The press release, Gartner Says Solving ‘Big Data’ Challenge Involves More Than Just Managing Volumes of Data, did not take anyone interested in ‘Big Data’ by surprise.
From the news release:
Worldwide information volume is growing annually at a minimum rate of 59 percent annually, and while volume is a significant challenge in managing big data, business and IT leaders must focus on information volume, variety and velocity.
Volume: The increase in data volumes within enterprise systems is caused by transaction volumes and other traditional data types, as well as by new types of data. Too much volume is a storage issue, but too much data is also a massive analysis issue.
Variety: IT leaders have always had an issue translating large volumes of transactional information into decisions — now there are more types of information to analyze — mainly coming from social media and mobile (context-aware). Variety includes tabular data (databases), hierarchical data, documents, e-mail, metering data, video, still images, audio, stock ticker data, financial transactions and more.
Velocity: This involves streams of data, structured record creation, and availability for access and delivery. Velocity means both how fast data is being produced and how fast the data must be processed to meet demand.
While big data is a significant issue, Gartner analysts said the real issue is making sense of big data and finding patterns in it that help organizations make better business decisions.
Whether data is ‘big’ or ‘small,’ the real issue has always been making sense of it and using it to make business decisions. Did anyone ever contend otherwise?
As far as ‘big data,’ I think there are two not entirely obvious impacts it may have on analysis:
1) The streetlamp effect: We have all heard of or seen the cartoon with the guy searching for his car keys under a streetlamp. When someone stops to help and asks where he lost them, he points off into the darkness. When asked why he is searching here, the reply is “The light is better over here.”
With “big data,” there can be a tendency, having collected “big data,” to assume the answer must lie in its analysis. Perhaps so but having gathered “big data,” is no guarantee you have the right big data or that it is the data that can answer the question being posed. Start with your question and not the “big data” you happen to have on hand.

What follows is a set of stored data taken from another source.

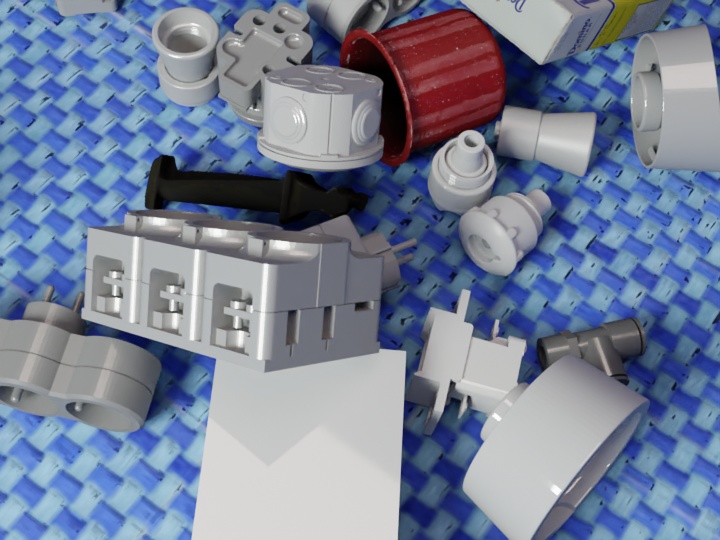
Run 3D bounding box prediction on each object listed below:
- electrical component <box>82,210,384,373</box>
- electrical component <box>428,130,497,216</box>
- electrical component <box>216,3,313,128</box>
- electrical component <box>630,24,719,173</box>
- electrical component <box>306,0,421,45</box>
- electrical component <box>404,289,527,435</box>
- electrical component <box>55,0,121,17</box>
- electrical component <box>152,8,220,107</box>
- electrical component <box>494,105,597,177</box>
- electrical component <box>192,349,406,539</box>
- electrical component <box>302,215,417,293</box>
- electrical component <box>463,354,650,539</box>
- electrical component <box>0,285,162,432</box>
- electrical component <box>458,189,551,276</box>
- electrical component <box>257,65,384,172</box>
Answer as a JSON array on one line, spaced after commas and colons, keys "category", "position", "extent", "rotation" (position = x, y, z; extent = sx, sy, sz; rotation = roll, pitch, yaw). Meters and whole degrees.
[{"category": "electrical component", "position": [-0.072, 0.006, 0.593], "extent": [0.150, 0.089, 0.061], "rotation": [11, 100, 40]}, {"category": "electrical component", "position": [0.068, -0.066, 0.702], "extent": [0.043, 0.062, 0.043], "rotation": [2, 61, -3]}, {"category": "electrical component", "position": [-0.064, -0.134, 0.733], "extent": [0.058, 0.057, 0.078], "rotation": [29, 64, 12]}, {"category": "electrical component", "position": [0.217, -0.114, 0.721], "extent": [0.064, 0.099, 0.099], "rotation": [-3, 62, 2]}, {"category": "electrical component", "position": [0.012, -0.227, 0.791], "extent": [0.138, 0.052, 0.074], "rotation": [-39, 71, -22]}, {"category": "electrical component", "position": [0.065, 0.059, 0.646], "extent": [0.064, 0.042, 0.081], "rotation": [15, 62, 3]}, {"category": "electrical component", "position": [-0.198, -0.216, 0.764], "extent": [0.081, 0.063, 0.042], "rotation": [-7, 63, -7]}, {"category": "electrical component", "position": [-0.117, -0.145, 0.736], "extent": [0.045, 0.055, 0.045], "rotation": [2, 61, -3]}, {"category": "electrical component", "position": [0.124, -0.090, 0.732], "extent": [0.065, 0.044, 0.044], "rotation": [11, 61, 7]}, {"category": "electrical component", "position": [-0.034, 0.137, 0.587], "extent": [0.105, 0.060, 0.186], "rotation": [5, 61, -1]}, {"category": "electrical component", "position": [0.000, 0.000, 0.660], "extent": [0.077, 0.065, 0.047], "rotation": [-21, 65, -15]}, {"category": "electrical component", "position": [0.102, 0.096, 0.595], "extent": [0.060, 0.108, 0.108], "rotation": [39, 66, 22]}, {"category": "electrical component", "position": [-0.184, 0.043, 0.632], "extent": [0.138, 0.052, 0.073], "rotation": [12, 62, 2]}, {"category": "electrical component", "position": [0.098, -0.030, 0.696], "extent": [0.062, 0.048, 0.048], "rotation": [-37, 70, -28]}, {"category": "electrical component", "position": [-0.024, -0.096, 0.676], "extent": [0.080, 0.051, 0.080], "rotation": [4, 24, -2]}]

2) Similar to the first as data that does not admit to easy processing, data that is semantically diverse or simply not readily available/processable, may be ignored. Which may lead to a false sense of confidence in the data that is analyzed. This danger is particularly real when preliminary results with available data confirm current management plans or understandings.
Making sense out of data (big, small, or in-between) has always been the first step in its use in a business decision process. Even non-Gardner clients know that much.